## Assigned task:
Match the word "start". Return each line of the data below where it appears.

[Dataset items]
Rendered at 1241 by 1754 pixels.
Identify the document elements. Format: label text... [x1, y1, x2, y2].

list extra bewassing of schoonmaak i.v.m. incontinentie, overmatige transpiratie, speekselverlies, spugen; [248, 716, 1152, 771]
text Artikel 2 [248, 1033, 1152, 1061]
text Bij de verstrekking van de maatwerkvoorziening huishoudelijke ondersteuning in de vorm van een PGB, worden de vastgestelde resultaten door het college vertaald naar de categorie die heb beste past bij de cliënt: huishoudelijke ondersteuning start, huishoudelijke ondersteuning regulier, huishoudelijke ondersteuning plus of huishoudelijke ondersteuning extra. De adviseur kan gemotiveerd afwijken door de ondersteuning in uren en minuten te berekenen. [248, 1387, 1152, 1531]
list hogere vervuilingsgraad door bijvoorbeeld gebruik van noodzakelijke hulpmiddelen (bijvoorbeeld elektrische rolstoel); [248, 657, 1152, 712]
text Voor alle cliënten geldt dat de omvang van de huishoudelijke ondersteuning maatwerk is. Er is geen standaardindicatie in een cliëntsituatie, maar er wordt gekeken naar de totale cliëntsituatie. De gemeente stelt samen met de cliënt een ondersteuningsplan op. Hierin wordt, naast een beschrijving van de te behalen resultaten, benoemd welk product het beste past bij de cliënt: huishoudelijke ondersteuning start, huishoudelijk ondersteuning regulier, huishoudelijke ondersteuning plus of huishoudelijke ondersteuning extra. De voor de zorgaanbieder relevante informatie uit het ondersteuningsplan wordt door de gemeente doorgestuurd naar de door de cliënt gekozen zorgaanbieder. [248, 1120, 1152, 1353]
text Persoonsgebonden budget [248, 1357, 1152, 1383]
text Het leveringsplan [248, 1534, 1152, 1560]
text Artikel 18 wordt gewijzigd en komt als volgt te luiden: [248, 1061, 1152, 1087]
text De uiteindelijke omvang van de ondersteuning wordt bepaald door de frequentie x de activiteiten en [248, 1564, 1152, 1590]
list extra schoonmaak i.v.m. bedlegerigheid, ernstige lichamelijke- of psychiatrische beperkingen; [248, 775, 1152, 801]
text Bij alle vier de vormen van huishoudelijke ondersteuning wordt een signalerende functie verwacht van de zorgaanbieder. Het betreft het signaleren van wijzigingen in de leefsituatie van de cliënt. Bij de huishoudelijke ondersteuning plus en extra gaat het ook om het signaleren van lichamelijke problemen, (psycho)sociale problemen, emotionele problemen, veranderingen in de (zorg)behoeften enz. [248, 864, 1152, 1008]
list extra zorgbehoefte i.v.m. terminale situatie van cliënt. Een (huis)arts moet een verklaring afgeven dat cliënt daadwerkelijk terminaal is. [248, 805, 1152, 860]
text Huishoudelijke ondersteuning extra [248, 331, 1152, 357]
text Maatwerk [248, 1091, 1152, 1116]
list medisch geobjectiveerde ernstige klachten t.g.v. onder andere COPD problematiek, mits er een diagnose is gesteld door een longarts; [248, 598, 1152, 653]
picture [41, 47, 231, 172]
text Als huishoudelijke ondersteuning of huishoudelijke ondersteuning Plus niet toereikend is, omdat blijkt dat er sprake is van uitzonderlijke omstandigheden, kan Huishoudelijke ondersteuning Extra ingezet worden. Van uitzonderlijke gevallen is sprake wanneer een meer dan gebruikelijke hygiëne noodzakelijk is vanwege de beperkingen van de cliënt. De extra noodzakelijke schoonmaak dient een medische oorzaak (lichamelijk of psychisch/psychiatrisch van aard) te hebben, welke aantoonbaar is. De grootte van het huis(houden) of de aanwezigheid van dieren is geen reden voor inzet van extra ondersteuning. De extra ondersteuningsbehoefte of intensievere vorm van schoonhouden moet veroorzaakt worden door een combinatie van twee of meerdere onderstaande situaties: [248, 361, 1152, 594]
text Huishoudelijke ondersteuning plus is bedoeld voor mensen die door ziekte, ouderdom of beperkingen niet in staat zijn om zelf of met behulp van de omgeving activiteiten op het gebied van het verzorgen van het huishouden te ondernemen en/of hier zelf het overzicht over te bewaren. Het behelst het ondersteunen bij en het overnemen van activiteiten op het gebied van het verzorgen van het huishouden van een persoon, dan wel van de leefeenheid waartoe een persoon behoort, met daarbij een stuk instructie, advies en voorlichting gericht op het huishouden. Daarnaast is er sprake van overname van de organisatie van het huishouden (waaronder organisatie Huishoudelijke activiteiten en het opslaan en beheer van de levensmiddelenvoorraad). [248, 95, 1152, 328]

## Answer area:
text Bij de verstrekking van de maatwerkvoorziening huishoudelijke ondersteuning in de vorm van een PGB, worden de vastgestelde resultaten door het college vertaald naar de categorie die heb beste past bij de cliënt: huishoudelijke ondersteuning start, huishoudelijke ondersteuning regulier, huishoudelijke ondersteuning plus of huishoudelijke ondersteuning extra. De adviseur kan gemotiveerd afwijken door de ondersteuning in uren en minuten te berekenen. [248, 1387, 1152, 1531]
text Voor alle cliënten geldt dat de omvang van de huishoudelijke ondersteuning maatwerk is. Er is geen standaardindicatie in een cliëntsituatie, maar er wordt gekeken naar de totale cliëntsituatie. De gemeente stelt samen met de cliënt een ondersteuningsplan op. Hierin wordt, naast een beschrijving van de te behalen resultaten, benoemd welk product het beste past bij de cliënt: huishoudelijke ondersteuning start, huishoudelijk ondersteuning regulier, huishoudelijke ondersteuning plus of huishoudelijke ondersteuning extra. De voor de zorgaanbieder relevante informatie uit het ondersteuningsplan wordt door de gemeente doorgestuurd naar de door de cliënt gekozen zorgaanbieder. [248, 1120, 1152, 1353]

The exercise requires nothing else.